The results were then converted into a DataFrame (`comparative_df`), which provides an easy-to-read summary of the performance of all three models. This DataFrame allows for a direct comparison of how each model performed across the different metrics.


In [18]:
pd.options.display.max_colwidth = None
combined_scores = [svc_scores, lg_scores, rf_scores]
comparative_df = pd.DataFrame(combined_scores)

comparative_df

Unnamed: 0,Model,Accuracy,Confusion Matrix,Precision,Recall,F1
0,SVC,0.85,"True Negative: 11, True Positive: 6, False Positive: 2, False Negative: 1",0.75,0.857143,0.8
1,Logistic Regression,0.85,"True Negative: 11, True Positive: 6, False Positive: 2, False Negative: 1",0.75,0.857143,0.8
2,Random Forest,1.0,"True Negative: 13, True Positive: 7, False Positive: 0, False Negative: 0",1.0,1.0,1.0


# **Model Comparison Results**

The performance of the three models—Support Vector Classifier (SVC), Logistic Regression, and Random Forest—was evaluated across several metrics, including **accuracy**, **precision**, **recall**, **F1-score**, and the **confusion matrix**. 

- **SVC** and **Logistic Regression** both achieved the same accuracy of **0.85**. They had identical confusion matrices with 11 true negatives, 6 true positives, 2 false positives, and 1 false negative. Despite their similar overall performance, they both showed **precision** and **recall** scores of **0.75** and **0.857**, respectively.

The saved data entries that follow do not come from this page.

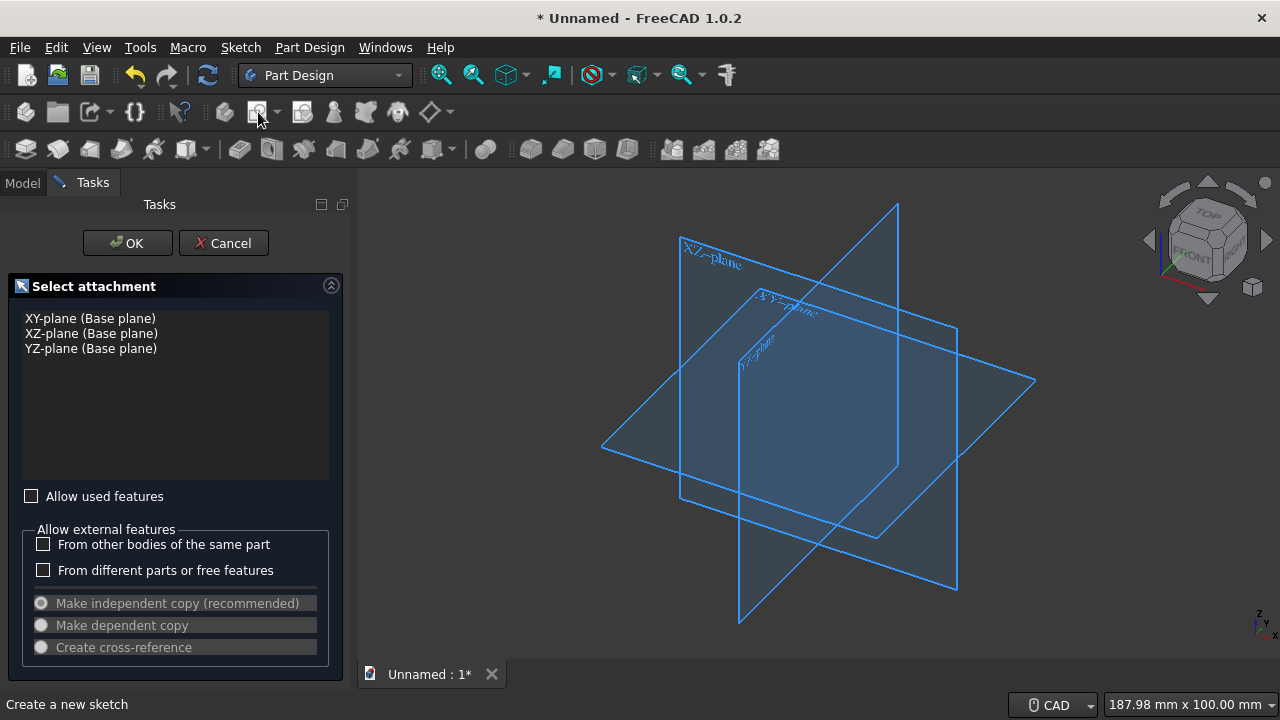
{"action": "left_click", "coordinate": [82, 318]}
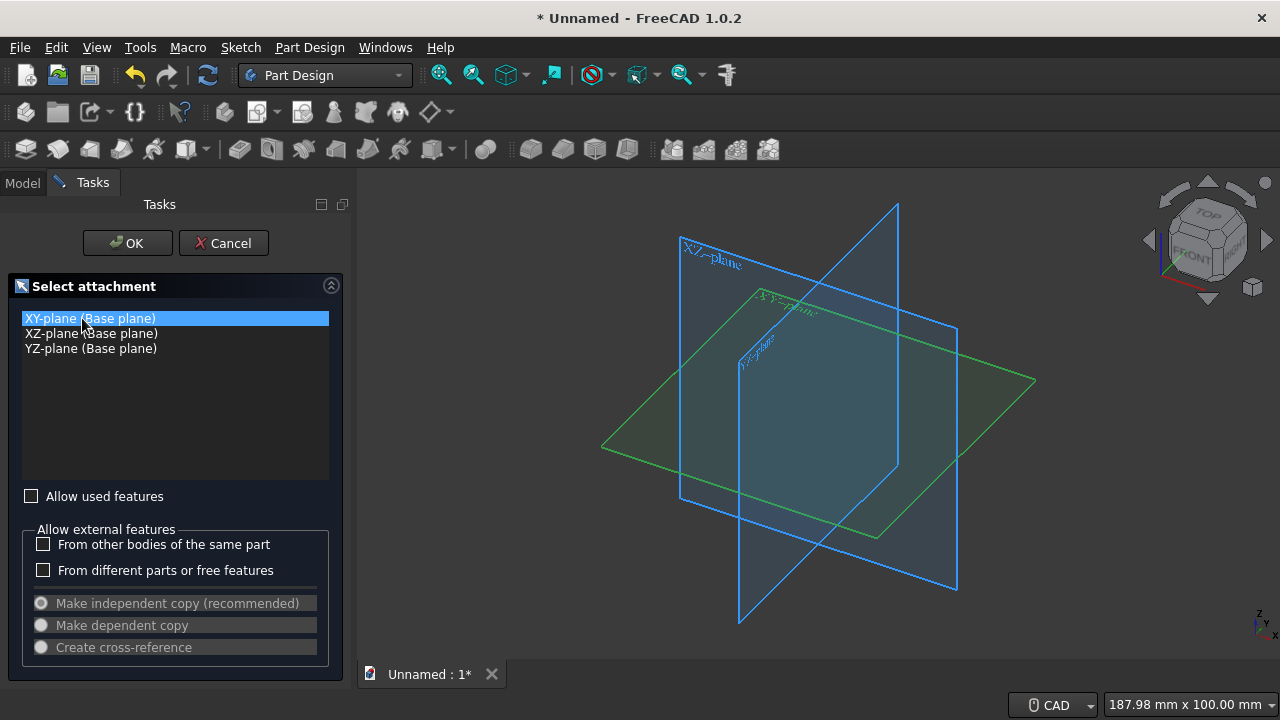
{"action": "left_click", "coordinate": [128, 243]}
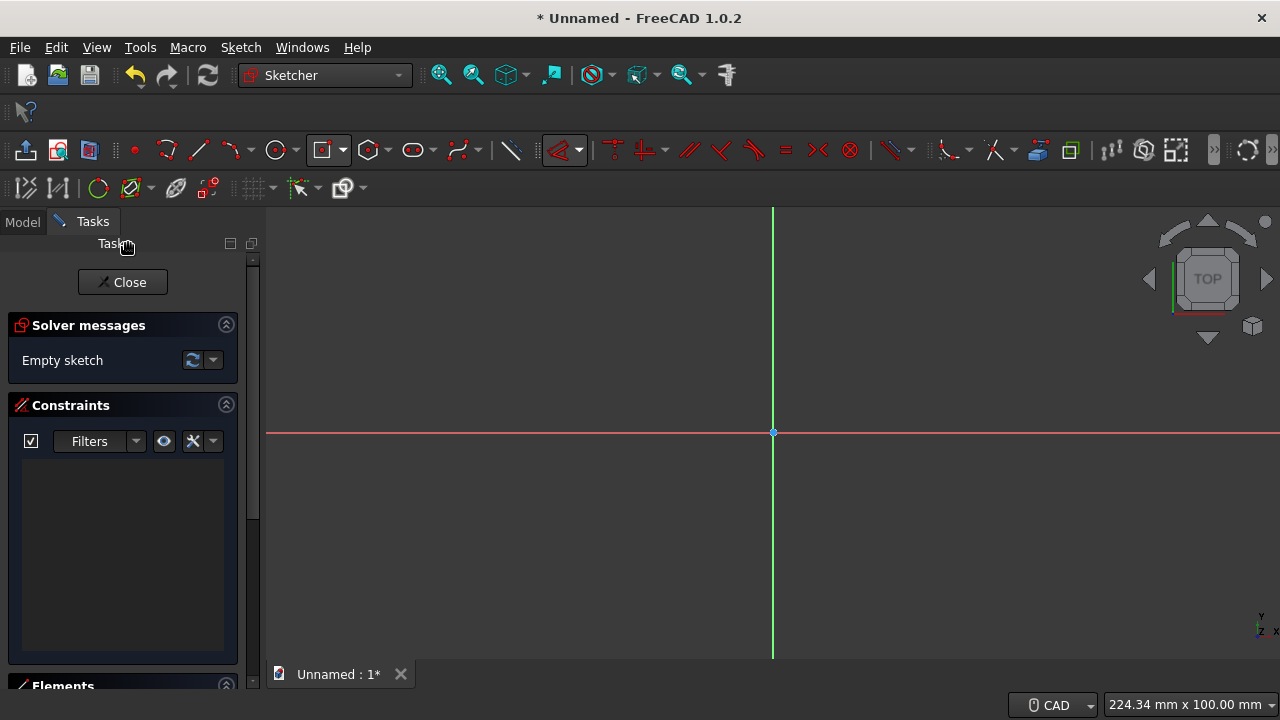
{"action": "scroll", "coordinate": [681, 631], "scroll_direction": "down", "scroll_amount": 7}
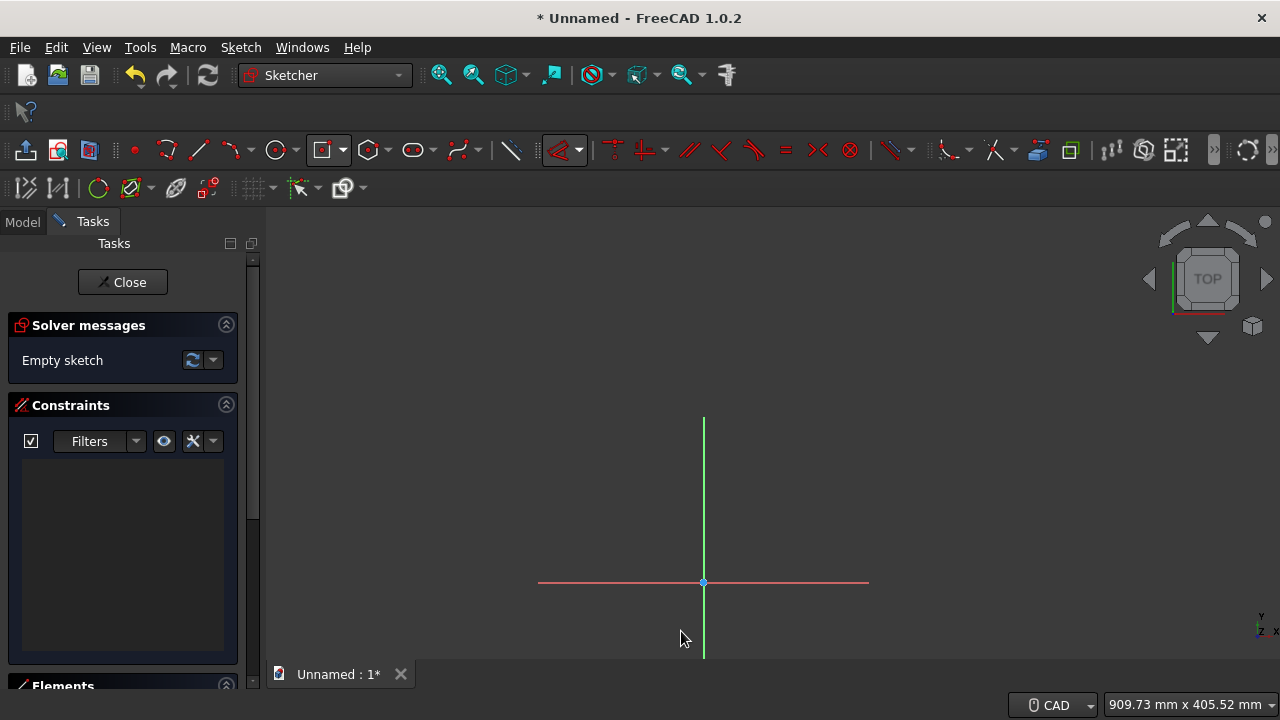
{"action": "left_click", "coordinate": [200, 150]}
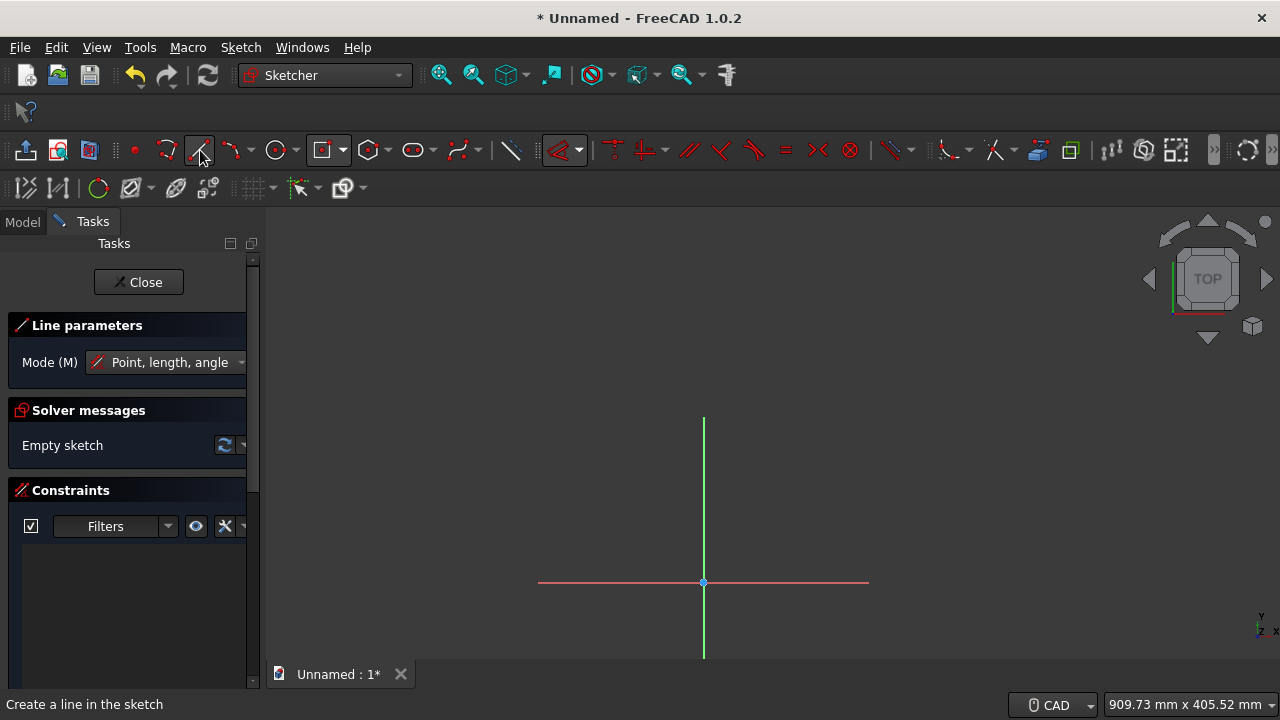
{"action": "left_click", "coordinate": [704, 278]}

- **Random Forest**, on the other hand, outperformed the other two models with an accuracy of **1.00**. It also had a perfect confusion matrix, with 13 true negatives and 7 true positives, and no false positives or false negatives. Furthermore, **precision**, **recall**, and **F1-score** were all **1.00**, indicating flawless performance.

## **Conclusion**
Given that **Random Forest** achieved perfect accuracy and other evaluation metrics, it is the best model for this dataset among the three. It demonstrated superior stability and effectiveness in classifying the data compared to the SVC and Logistic Regression models.